Já na copa, Francine devorava uma grande fatia da torta numa mesinha quadrada com banquetas, a médica bebia um café junto ao balcão da pia.
— Que bom que o casaco serviu. — Referia-se ao casaco cinza que ela trajava.
— E é bem quentinho, obrigada. Você dá casacos para todo mundo que precisa?
— Não.
— Esse ainda estava com a etiqueta.
— Sim, comprei quando estava vindo para cá. O verde era meu, mas eu usei poucas vezes.
— Eu sei, ainda tinha um pouquinho do seu cheiro.
— Desculpe, eu deveria ter lavado mais uma vez, não é?
— Não, eu gostei. O cheiro é bom. Não vai comer também?
— Já comi, não posso exagerar.
— Nem mais um pedacinho? É seu aniversário.
— Não posso vacilar.
— Mas você não é gorda.
— Eu não estou gorda, mas vivo sob o assombro da compulsão alimentar, é uma luta diária.
— Engorda fácil?
— Quando saio da linha, sim. Inclusive tenho uns quilos a perder.
— Você está bonita assim.
— Obrigada. Você pelo visto pode comer um boi inteiro que continua magra, né?
— Eu como bastante. — Respondeu dando uma garfada com vontade.
A médica puxou uma banqueta e sentou à sua frente, passando papel toalha na mesa.
— Você não sabia que sua colega tinha essas marcas? — Clarisse iniciou a conversa.
— Já tinha ouvido falar, mas nunca tinha visto. — Respondeu com a boca cheia.
— Pode engolir antes de responder.
— Foi mal.
— Como começou esse clima de guerra entre vocês duas?
— Sei lá. Posso pegar mais refri?
— Claro. Você não se recorda? Faz tanto tempo assim?
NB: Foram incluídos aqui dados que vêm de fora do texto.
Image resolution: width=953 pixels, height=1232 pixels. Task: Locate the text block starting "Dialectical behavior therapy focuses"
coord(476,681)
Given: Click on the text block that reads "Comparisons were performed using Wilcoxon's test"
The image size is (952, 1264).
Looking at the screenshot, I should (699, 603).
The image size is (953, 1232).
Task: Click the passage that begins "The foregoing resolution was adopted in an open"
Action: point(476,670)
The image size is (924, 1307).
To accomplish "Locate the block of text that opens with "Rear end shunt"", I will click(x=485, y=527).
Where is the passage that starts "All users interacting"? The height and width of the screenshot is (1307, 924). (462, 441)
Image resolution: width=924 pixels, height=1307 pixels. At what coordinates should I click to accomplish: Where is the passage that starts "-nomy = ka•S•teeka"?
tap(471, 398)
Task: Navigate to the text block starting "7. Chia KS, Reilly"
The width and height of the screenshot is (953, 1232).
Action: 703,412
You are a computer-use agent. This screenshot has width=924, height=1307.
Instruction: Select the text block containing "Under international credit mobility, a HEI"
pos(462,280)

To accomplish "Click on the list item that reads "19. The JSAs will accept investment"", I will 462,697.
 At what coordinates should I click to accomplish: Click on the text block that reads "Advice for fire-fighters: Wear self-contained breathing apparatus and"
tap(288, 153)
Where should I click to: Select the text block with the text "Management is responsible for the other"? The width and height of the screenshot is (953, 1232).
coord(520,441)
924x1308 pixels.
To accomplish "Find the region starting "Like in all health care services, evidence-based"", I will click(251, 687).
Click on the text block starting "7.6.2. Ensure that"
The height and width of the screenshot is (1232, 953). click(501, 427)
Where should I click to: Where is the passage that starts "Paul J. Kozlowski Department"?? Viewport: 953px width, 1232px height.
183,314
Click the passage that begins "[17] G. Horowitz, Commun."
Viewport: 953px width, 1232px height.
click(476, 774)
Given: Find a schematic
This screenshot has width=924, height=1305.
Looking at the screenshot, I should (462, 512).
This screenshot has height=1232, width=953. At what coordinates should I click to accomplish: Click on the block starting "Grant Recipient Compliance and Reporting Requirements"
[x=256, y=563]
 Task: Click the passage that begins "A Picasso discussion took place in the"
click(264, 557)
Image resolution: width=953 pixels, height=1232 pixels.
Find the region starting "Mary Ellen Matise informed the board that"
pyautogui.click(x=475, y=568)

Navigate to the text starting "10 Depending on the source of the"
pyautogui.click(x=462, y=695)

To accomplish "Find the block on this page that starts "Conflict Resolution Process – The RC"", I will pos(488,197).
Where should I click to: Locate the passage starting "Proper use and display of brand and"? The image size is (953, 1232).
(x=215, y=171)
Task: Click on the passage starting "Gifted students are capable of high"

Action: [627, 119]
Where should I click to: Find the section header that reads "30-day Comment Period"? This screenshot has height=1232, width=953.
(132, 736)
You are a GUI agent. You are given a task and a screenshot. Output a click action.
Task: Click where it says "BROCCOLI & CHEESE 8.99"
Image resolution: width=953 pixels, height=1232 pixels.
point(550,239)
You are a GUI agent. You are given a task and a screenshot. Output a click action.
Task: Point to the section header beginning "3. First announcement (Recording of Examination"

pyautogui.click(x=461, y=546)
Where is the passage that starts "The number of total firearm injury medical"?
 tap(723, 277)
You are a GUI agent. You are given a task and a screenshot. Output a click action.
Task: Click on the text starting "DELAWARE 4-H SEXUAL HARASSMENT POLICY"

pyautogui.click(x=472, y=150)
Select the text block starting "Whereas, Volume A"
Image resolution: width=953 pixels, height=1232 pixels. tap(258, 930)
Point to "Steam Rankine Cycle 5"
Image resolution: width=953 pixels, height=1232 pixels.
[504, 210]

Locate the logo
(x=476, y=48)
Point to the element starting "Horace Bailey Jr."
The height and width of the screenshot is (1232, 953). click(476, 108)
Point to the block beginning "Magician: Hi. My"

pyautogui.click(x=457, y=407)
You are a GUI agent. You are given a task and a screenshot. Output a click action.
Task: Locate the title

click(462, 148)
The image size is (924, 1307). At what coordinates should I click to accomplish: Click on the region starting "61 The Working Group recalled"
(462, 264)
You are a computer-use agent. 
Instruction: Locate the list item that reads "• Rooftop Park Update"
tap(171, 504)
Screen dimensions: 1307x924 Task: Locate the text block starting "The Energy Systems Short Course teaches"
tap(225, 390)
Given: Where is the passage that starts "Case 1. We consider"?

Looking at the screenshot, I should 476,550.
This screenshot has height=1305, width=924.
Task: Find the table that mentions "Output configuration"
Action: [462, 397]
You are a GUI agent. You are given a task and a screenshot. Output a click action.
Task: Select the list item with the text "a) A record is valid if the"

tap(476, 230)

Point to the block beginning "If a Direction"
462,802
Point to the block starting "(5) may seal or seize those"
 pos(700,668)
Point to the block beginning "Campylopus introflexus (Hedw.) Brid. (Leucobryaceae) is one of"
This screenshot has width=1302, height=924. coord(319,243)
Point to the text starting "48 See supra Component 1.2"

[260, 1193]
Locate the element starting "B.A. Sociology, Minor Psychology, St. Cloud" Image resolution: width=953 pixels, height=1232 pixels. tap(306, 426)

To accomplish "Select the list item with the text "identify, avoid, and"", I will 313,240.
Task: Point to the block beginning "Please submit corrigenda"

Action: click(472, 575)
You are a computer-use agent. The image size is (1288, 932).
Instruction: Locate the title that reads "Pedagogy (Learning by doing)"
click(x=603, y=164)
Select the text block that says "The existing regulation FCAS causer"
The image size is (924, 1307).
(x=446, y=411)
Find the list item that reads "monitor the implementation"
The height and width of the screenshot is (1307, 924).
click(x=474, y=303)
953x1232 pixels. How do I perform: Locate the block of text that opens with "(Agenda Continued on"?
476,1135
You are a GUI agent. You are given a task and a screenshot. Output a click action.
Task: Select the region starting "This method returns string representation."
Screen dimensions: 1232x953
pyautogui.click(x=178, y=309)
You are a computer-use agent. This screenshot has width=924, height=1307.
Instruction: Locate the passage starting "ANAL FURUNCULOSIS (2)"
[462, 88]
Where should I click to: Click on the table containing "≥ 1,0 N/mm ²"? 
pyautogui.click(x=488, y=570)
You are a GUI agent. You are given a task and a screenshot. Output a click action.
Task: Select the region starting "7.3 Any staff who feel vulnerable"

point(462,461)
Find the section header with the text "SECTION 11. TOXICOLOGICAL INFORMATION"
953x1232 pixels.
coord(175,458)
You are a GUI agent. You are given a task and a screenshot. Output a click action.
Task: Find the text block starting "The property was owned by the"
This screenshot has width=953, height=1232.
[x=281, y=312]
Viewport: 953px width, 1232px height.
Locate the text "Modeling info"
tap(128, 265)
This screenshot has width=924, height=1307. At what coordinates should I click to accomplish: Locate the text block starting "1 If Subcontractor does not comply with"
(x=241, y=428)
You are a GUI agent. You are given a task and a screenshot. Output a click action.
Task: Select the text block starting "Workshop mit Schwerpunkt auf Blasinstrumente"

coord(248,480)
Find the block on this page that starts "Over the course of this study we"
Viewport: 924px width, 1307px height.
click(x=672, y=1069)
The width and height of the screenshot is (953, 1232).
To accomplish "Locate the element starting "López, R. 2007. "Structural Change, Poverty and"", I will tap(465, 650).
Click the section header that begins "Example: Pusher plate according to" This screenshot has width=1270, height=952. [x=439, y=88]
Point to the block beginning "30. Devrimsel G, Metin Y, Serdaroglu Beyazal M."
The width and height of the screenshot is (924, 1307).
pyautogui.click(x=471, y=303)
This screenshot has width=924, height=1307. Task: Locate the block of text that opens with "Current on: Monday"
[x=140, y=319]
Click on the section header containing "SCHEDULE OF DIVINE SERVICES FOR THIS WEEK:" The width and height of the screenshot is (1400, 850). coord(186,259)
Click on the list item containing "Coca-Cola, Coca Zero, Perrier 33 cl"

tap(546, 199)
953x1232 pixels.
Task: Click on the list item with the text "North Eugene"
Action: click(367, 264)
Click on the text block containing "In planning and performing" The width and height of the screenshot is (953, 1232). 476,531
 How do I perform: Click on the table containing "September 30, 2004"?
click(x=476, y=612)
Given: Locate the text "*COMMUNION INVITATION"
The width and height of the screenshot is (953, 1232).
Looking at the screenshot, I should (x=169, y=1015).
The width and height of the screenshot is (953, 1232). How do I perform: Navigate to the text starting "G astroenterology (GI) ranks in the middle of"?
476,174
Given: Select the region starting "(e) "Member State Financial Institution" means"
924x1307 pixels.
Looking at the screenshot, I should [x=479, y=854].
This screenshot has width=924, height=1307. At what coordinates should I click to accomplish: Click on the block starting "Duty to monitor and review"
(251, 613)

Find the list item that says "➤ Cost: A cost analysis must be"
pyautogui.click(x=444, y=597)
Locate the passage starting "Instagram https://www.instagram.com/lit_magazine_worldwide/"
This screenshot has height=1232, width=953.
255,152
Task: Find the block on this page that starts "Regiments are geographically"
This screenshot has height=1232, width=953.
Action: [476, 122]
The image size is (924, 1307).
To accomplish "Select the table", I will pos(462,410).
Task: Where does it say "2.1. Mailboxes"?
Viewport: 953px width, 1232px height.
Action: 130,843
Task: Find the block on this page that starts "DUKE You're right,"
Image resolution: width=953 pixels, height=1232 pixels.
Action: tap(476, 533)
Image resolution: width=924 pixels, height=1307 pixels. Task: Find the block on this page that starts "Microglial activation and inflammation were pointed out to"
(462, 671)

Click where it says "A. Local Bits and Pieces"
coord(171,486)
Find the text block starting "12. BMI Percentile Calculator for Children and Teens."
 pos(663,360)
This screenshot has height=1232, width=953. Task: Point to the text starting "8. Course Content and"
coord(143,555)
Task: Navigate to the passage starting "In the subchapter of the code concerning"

— Foi no início do ano, mas eu não quero falar sobre isso.
— Um dia você me conta?
Balançou a cabeça concordando e bebeu mais refrigerante.
— Maria Paula tem depressão, tem altos e baixos, então algumas coisas que você fala e parecem inofensivas, podem ser gatilho para que ela se sinta mal.
— Mas não sou eu que começo.
— Tente resistir a tentação de revidar, apenas saia de perto. Não vou pedir que vocês sejam melhores amigas, mas nos momentos de calmaria você pode tentar se aproximar aos poucos, oferecendo ajuda ou uma conversa, talvez ela implique com você por carência, por ser o mecanismo de defesa dela, mas você pode tentar mudar isso, pode partir de você.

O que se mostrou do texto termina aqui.